Социологический ежегодник 2010 - страница 60
Диалектике перехода «морфологии» в «аксиологию» посвящено немало работ западных и российских исследователей. Более того, во все периоды перехода от одной фазы модернити к другой западная социология уделяла и продолжает уделять особое внимание новым социальным движениям (10; 14; 16), потому что они были движущей силой этих переходов, которая противопоставила меркантилизму нематериальные ценности. Нельзя сказать, что западные социологи в этом преуспели, – рынок продолжает разрушать любые формы человеческих сообществ, ориентированных на духовные ценности, взаимопомощь и поддержку. Но без гражданских инициатив и общественных движений перемены невозможны вообще.
Если мы стремимся построить «общество, основанное на знаниях», то последнее не должно быть обществом, где знания будут таким же инструментом господства и эксплуатации, каким сегодня является финансовый капитал. «Сначала надо построить общество, в котором акты личного самовыражения будут цениться выше, чем изготовление вещей или манипуляция людьми» (3, с. 116).
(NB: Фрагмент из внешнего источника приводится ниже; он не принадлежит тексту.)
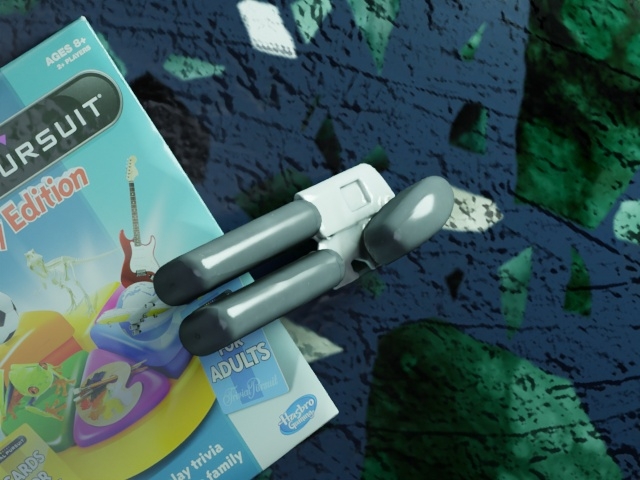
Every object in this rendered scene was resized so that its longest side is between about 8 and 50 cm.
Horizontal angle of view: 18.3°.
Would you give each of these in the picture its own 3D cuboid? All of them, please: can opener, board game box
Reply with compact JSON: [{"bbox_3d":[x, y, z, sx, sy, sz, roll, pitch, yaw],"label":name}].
[{"bbox_3d":[0.000,0.000,1.392,0.283,0.095,0.076,-27,90,-56],"label":"can opener"},{"bbox_3d":[-0.183,0.055,1.383,0.253,0.079,0.336,-36,100,-19],"label":"board game box"}]
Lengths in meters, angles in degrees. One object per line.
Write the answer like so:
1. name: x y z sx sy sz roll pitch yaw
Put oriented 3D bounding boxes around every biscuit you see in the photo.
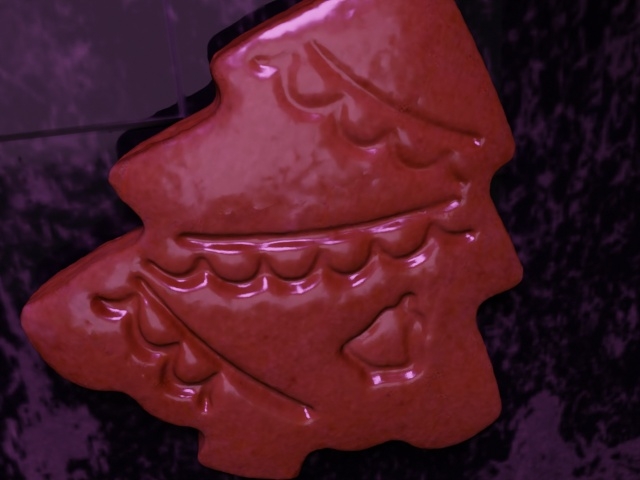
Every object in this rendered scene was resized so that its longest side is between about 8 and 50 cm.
1. biscuit: 0.000 0.000 0.436 0.284 0.043 0.306 12 111 -15
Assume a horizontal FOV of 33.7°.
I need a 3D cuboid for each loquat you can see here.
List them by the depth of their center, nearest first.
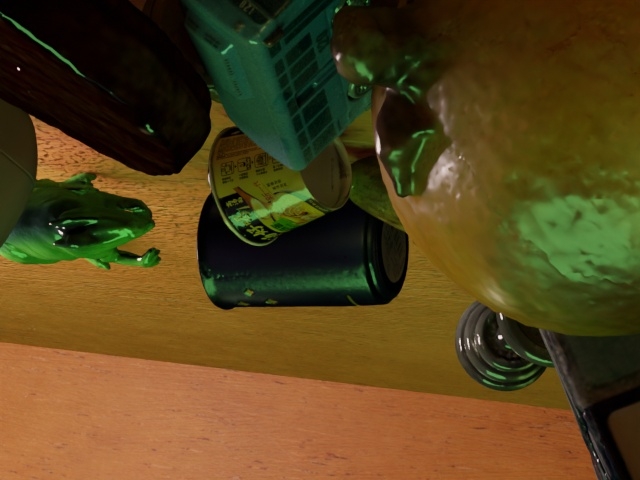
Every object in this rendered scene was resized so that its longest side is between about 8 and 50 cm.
[{"bbox_3d":[0.167,-0.099,0.746,0.359,0.328,0.328,10,164,-23],"label":"loquat"}]

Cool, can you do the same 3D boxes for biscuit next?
[{"bbox_3d":[-0.266,-0.190,0.878,0.407,0.091,0.407,29,170,6],"label":"biscuit"}]

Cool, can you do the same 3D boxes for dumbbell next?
[{"bbox_3d":[0.336,0.142,1.728,0.179,0.179,0.406,10,164,-4],"label":"dumbbell"}]

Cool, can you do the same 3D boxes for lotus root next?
[{"bbox_3d":[0.101,-0.064,1.327,0.190,0.094,0.108,18,125,6],"label":"lotus root"}]

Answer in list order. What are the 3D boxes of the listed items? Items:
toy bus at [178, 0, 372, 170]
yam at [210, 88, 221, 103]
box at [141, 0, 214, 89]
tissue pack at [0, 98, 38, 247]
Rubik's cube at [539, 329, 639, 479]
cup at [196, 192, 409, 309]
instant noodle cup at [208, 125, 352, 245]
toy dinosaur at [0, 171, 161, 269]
[{"bbox_3d":[-0.034,-0.168,0.882,0.116,0.133,0.234,42,169,21],"label":"toy bus"},{"bbox_3d":[-0.094,-0.166,1.145,0.264,0.046,0.046,18,161,-26],"label":"yam"},{"bbox_3d":[-0.114,-0.190,0.970,0.105,0.106,0.037,22,164,-39],"label":"box"},{"bbox_3d":[-0.507,-0.101,1.264,0.333,0.236,0.229,-3,151,31],"label":"tissue pack"},{"bbox_3d":[0.393,0.087,1.021,0.362,0.363,0.359,-25,152,10],"label":"Rubik's cube"},{"bbox_3d":[-0.006,-0.015,1.497,0.256,0.255,0.178,-1,124,22],"label":"cup"},{"bbox_3d":[-0.043,-0.077,1.261,0.122,0.151,0.151,-13,154,36],"label":"instant noodle cup"},{"bbox_3d":[-0.445,-0.015,1.404,0.499,0.144,0.374,0,-175,2],"label":"toy dinosaur"}]
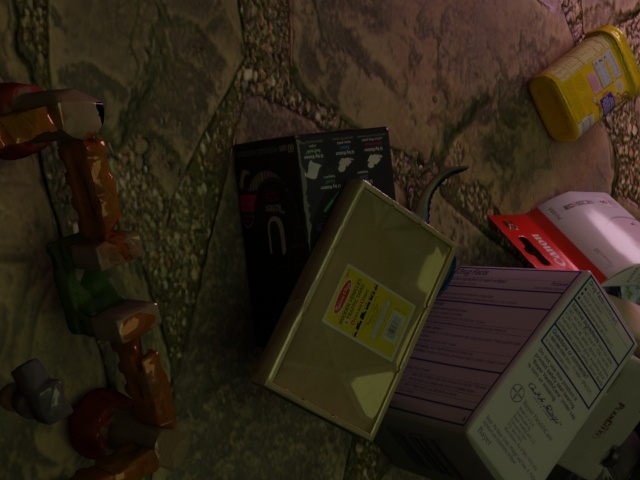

Российская социология все более подчиняется государственно-корпоративной машине нашего общества, выполняя в лучшем случае информационную, но все чаще – охранительную функцию, тогда как западная нацелена главным образом на анализ и критику. Другое различие: мы в основном ориентированы на изучение и применение концепций модернизации, годных для развитых стран, тогда как в центре интереса большинства западных социологов и политологов сегодня находятся процессы модернизации и демодернизации стран «третьего» и «четвертого» миров. Как говорил Иллич, «модернизированная бедность – это сочетание бессилия перед обстоятельствами с утратой личностного потенциала» (3, с. 27).
Наконец, еще одно важное различие. Одно дело – бесконечные «срезы» и «коллективные фотографии», называемые у нас опросами общественного мнения. И совсем другое – каждодневная, длительная и упорная работа социолога с лидерами и активистами любого социального движения, прежде всего – с целью понять их, вникнуть в строй их мыслей, а затем помочь им грамотно выразить свои требования, овладеть навыками общественной жизни, стать публичными фигурами, научиться просчитывать возможности и ресурсы – свои и противостоящих сил. В конечном счете логика «заказа» (государству или бизнесу нужно то-то и то-то выяснить для своих, меркантильных или политических, целей) противостоит логике «понимания» (кто мы, чего мы хотим и чего реально можно добиться). В первом случае это «представительская социология», потому что право думать за народ берут на себя социологи. Во втором – «социология совместного анализа и действия», потому что вопросы ставятся, структурируются и разрешаются социологами совместно с населением и / или представляющими его территориальными группами или виртуальными сообществами. Огрубляя, можно сказать, что в первом случае это «государственническая социология», во втором – социология гражданского общества.
Идея социологии как «зеркала общества» ущербна, потому что люди в массовых опросах обезличены, сведены в искусственные группы (в которых они никогда реально не участвуют как акторы), а связь между этим знанием-зеркалом и действием многократно опосредована − институционально и политически. Известно, что данные массовых опросов не только интерпретируются разными учеными по-разному, но и проходят массу политических фильтров «наверху».